Python 使用坐标(基因)文件的脚本
我有一个变体表(variation.txt),它是一个非常大的文件。染色体数目的第一列,第二列是变异的位置。我还有第二个文件annotation.txt,其中有37000个基因(1st column),它们的染色体数(2nd column),它们的起始和结束坐标(3rd column),以及一些细节 我必须将变异(基于染色体数目和位置)分配给基因。首先,它应该在两个文件中寻找匹配的染色体数目,如果匹配,变异的坐标应该在(包括)基因的起始和结束位置之内。我曾尝试在python中使用它,但它花费了很长时间。此外,我希望有一个修改后的输出,如下所示。基因可以有重叠坐标,一个给定的变异可以是多个重叠基因的一部分。请帮忙 variation.txtPython 使用坐标(基因)文件的脚本,python,bash,awk,Python,Bash,Awk,我有一个变体表(variation.txt),它是一个非常大的文件。染色体数目的第一列,第二列是变异的位置。我还有第二个文件annotation.txt,其中有37000个基因(1st column),它们的染色体数(2nd column),它们的起始和结束坐标(3rd column),以及一些细节 我必须将变异(基于染色体数目和位置)分配给基因。首先,它应该在两个文件中寻找匹配的染色体数目,如果匹配,变异的坐标应该在(包括)基因的起始和结束位置之内。
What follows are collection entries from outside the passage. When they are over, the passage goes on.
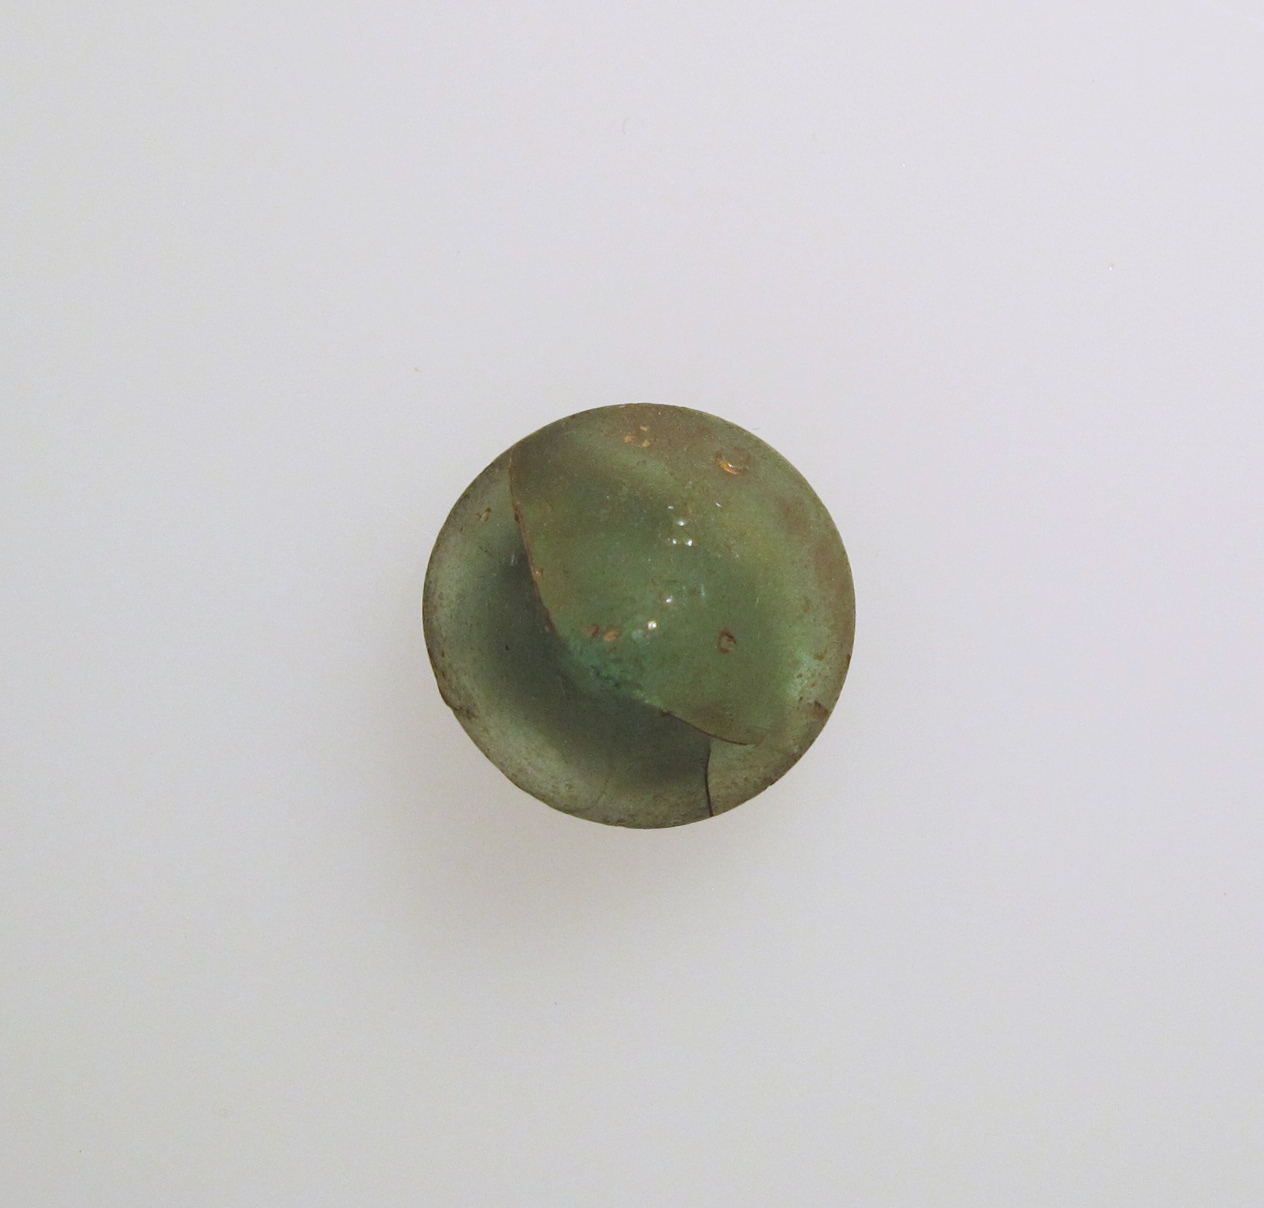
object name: ornament cone
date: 7000 BCE-330 CE
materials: glass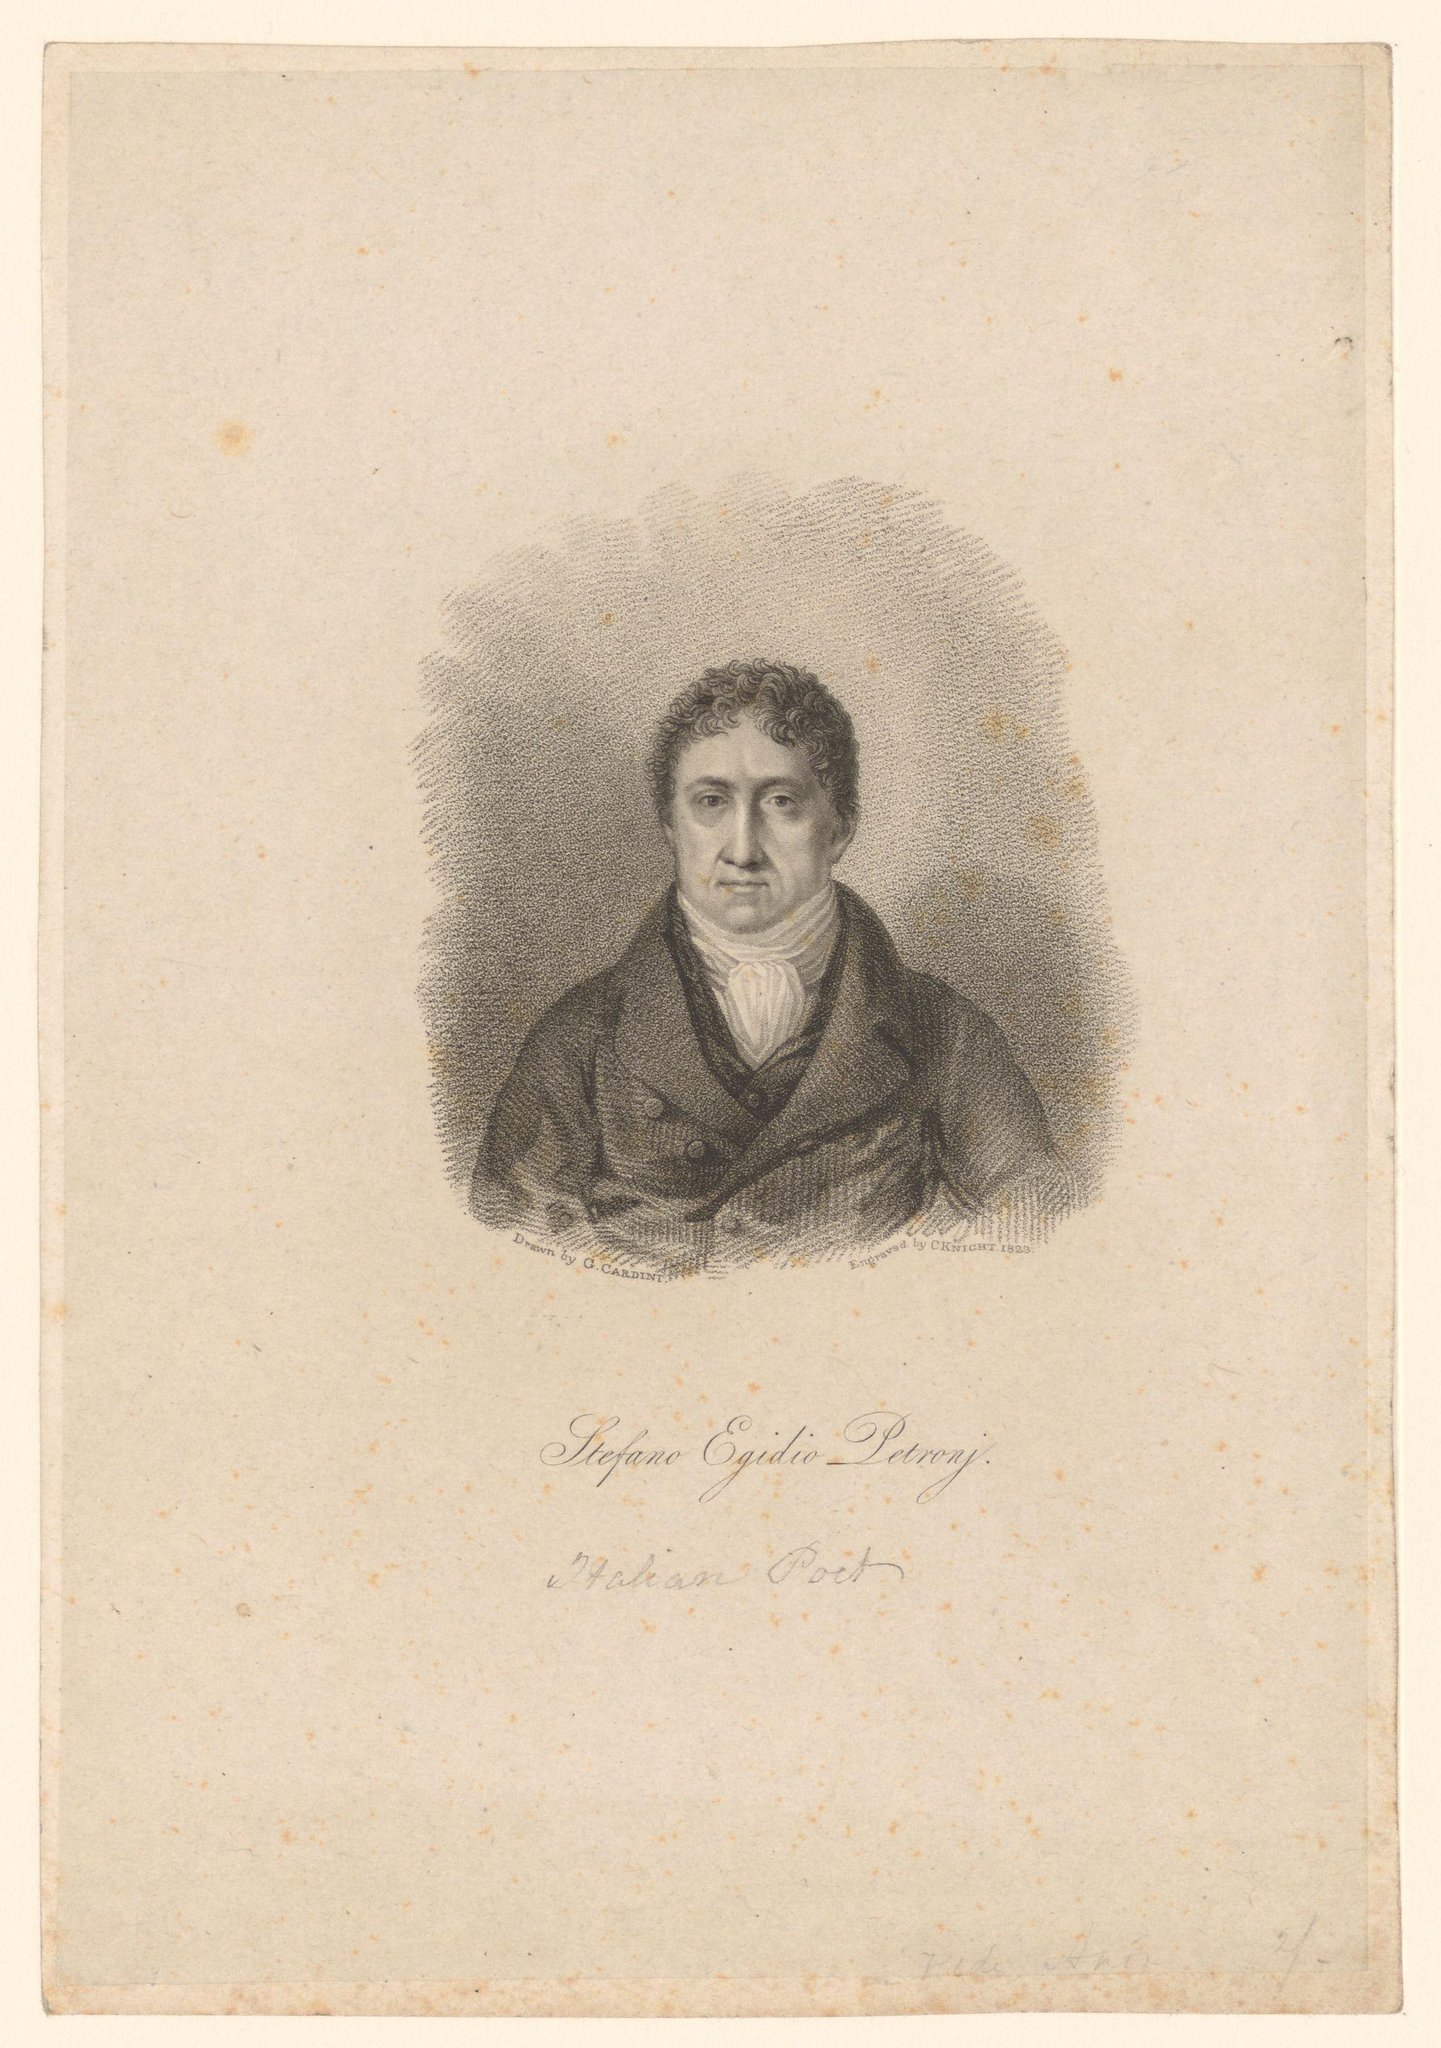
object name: print
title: Portret van Stefano Egidio Petronj
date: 1823
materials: paper
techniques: printmaking, etching
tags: historical persons, writer, poet, author
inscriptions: collector's mark: Lugt 2228

我曾尝试在python中使用它,但它花费了很
SL3.0ch02 702679 C A - - - - - - - -
SL3.0ch01 711131 A G - - - - - - - -
SL3.0ch00 715124 G A - - - - - - - -
SL3.0ch00 719289 C T - - - - - - - -
SL3.0ch00 720926 A C - - - - - - - -
SL3.0ch00 723860 A C Solyc00g005060.1 CDS NONSYNONYMOUS W/G 52 0 novel DELETERIOUS (*WARNING! Low confidence)
SL3.0ch00 723867 A C Solyc00g005060.1 CDS SYNONYMOUS G/G 49 1 novel TOLERATED
SL3.0ch00 723903 T C Solyc00g005060.1 CDS SYNONYMOUS G/G 37 1 novel TOLERATED
Solyc00g005000.3.1 SL3.0ch02 702600 702900 + Eukaryotic aspartyl protease family protein
Solyc00g005040.3.1 SL3.0ch01 715100 715200 + Potassium channel
Solyc00g005050.3.1 SL3.0ch00 715150 715300 - UPF0664 stress-induced protein C29B12.11c
Solyc00g005060.1.1 SL3.0ch00 723741 724013 - LOW QUALITY:Cyclin/Brf1-like TBP-binding protein
Solyc00g005080.2.1 SL3.0ch00 723800 723900 - LOW QUALITY:Protein Ycf2
Solyc00g005084.1.1 SL3.0ch05 809593 813633 + UDP-Glycosyltransferase superfamily protein
Solyc00g005090.1.1 SL3.0ch07 1061632 1061916 - LOW QUALITY:DYNAMIN-like 1B
Solyc00g005092.1.1 SL3.0ch01 1127794 1144385 + Serine/threonine phosphatase-like protein
Solyc00g005094.1.1 SL3.0ch00 1144958 1146952 - Glucose-6-phosphate 1-dehydrogenase 3, chloroplastic
Solyc00g005096.1.1 SL3.0ch00 1734562 1736567 + RWP-RK domain-containing protein
annotation.txt
SL3.0ch02 702679 C A - - - - - - - -
SL3.0ch01 711131 A G - - - - - - - -
SL3.0ch00 715124 G A - - - - - - - -
SL3.0ch00 719289 C T - - - - - - - -
SL3.0ch00 720926 A C - - - - - - - -
SL3.0ch00 723860 A C Solyc00g005060.1 CDS NONSYNONYMOUS W/G 52 0 novel DELETERIOUS (*WARNING! Low confidence)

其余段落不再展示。